SCIENZA E RICERCA

Fino a che punto possiamo arginare il rischio idrogeologico con le opere edilizie?

Il dissesto idrogeologico è un problema con cui il nostro Paese deve sempre fare i conti, soprattutto in seguito agli eccezionali eventi atmosferici che si sono verificati in alcune aree della penisola negli ultimi tempi, specialmente per quanto riguarda il nord-est.
Data la conformazione del territorio, il rischio di frane e allagamenti in Italia è piuttosto alto, per cui è necessaria la massima attenzione e preparazione da parte dei cittadini e delle istituzioni.
I gravi danni causati dal maltempo in Veneto, Trentino Alto-Adige e Friuli Venezia Giulia nelle scorse settimane portano a chiederci però se le nostre aree urbane siano adeguatamente preparate a fronteggiare questo tipo di avvenimenti.

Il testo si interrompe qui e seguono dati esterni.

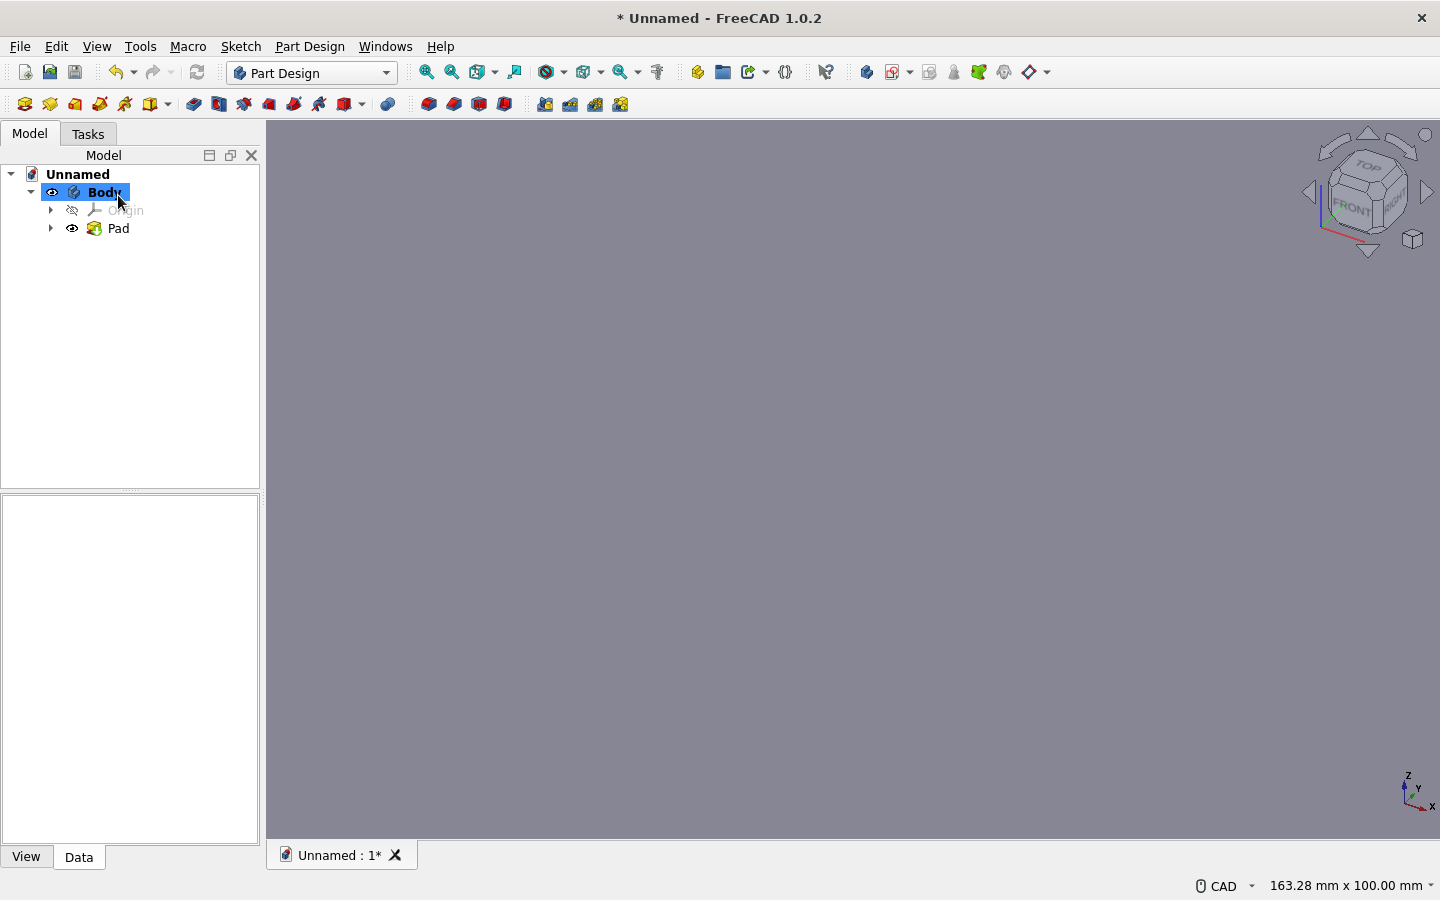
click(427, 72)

Ne abbiamo parliamo con il professor Paolo Simonini, docente di geotecnica al dipartimento di Ingegneria civile, edile e ambientale all'università di Padova.

L'intervista completa al professor Paolo Simonini. Servizio di Federica D'Auria. Montaggio di Elisa Speronello.

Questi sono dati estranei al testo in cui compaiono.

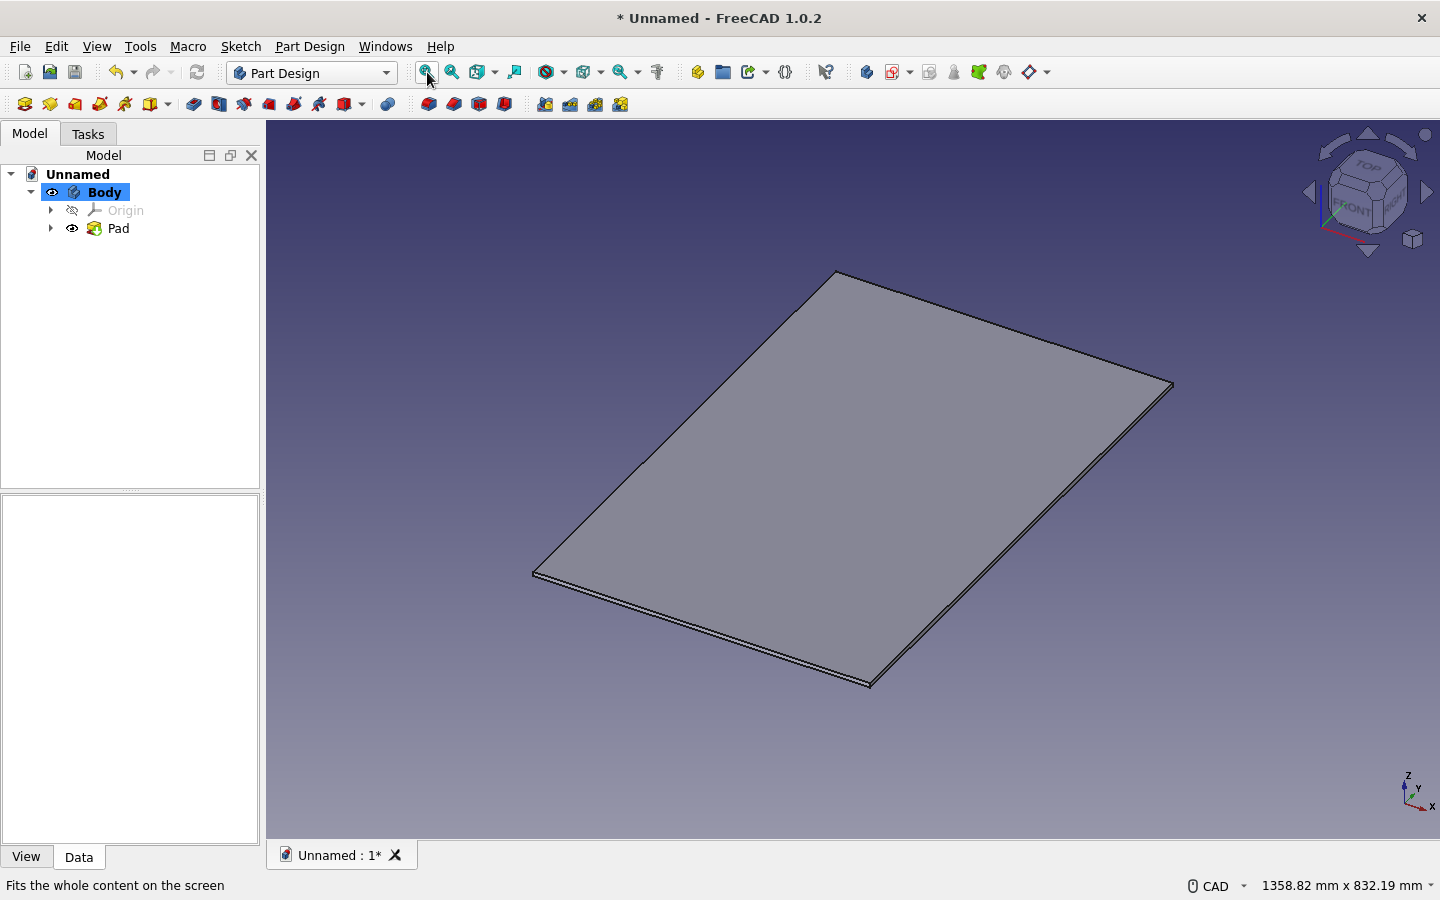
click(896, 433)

“Il territorio italiano è geologicamente giovane e in evoluzione, e per questo delicato. A differenza di altri paesi non è soggetto a un solo tipo di rischio naturale, ma è sensibile ai terremoti, alle frane e alle alluvioni”, spiega il professor Simonini.

“In questo periodo assistiamo poi a un cambio climatico e all'innalzamento delle temperature che dà origine anche a fenomeni di cambi di distribuzioni delle precipitazioni.
Gestire questi cambiamenti non è facile. In particolare, i problemi delle infrastrutture di difesa dalle inondazioni riguardano solitamente gli argini minori, che si rompono più spesso.
Bisogna perciò studiare le condizioni per aprire dei bacini in cui l'acqua possa defluire in caso di piene. Gli interventi sono però costosi, e bisogna selezionare dove concentrare i propri sforzi”.

Il professor Simonini sottolinea inoltre l'importanza delle attività di monitoraggio: “oggi, grazie ai satelliti, le opere edilizie possono essere più facilmente controllate, rispetto al passato.
Ci sono diversi enti che se ne occupano. L'Ispra controlla il territorio italiano, la protezione civile si occupa delle regioni. Il Consiglio nazionale delle ricerche, inoltre, controlla e monitora le frane e l'università, collaborando con gli enti pubblici, studia dei piani di controllo e monitoraggio e interpreta i dati per intervenire là dove è necessario mettere in sicurezza il territorio”.

“Io credo che un approccio moderno debba tener conto anche della sostenibilità economica degli interventi, aggiunge il professor Simonini. “Bisogna accettare un possibile limite di rischio purché non sia grave e non mini la sicurezza delle persone. È necessario perciò un compromesso tra un approccio economicamente sostenibile e uno assicurativo per risarcire eventuali danni materiali.

In Italia sono presenti numerosi fenomeni franosi, e non è possibile stabilizzarli tutti, né fermarli. Però si possono individuare le zone più a rischio per decidere quali interventi mettere in atto di volta in volta per proteggere il patrimonio storico e artistico e la vita delle persone”.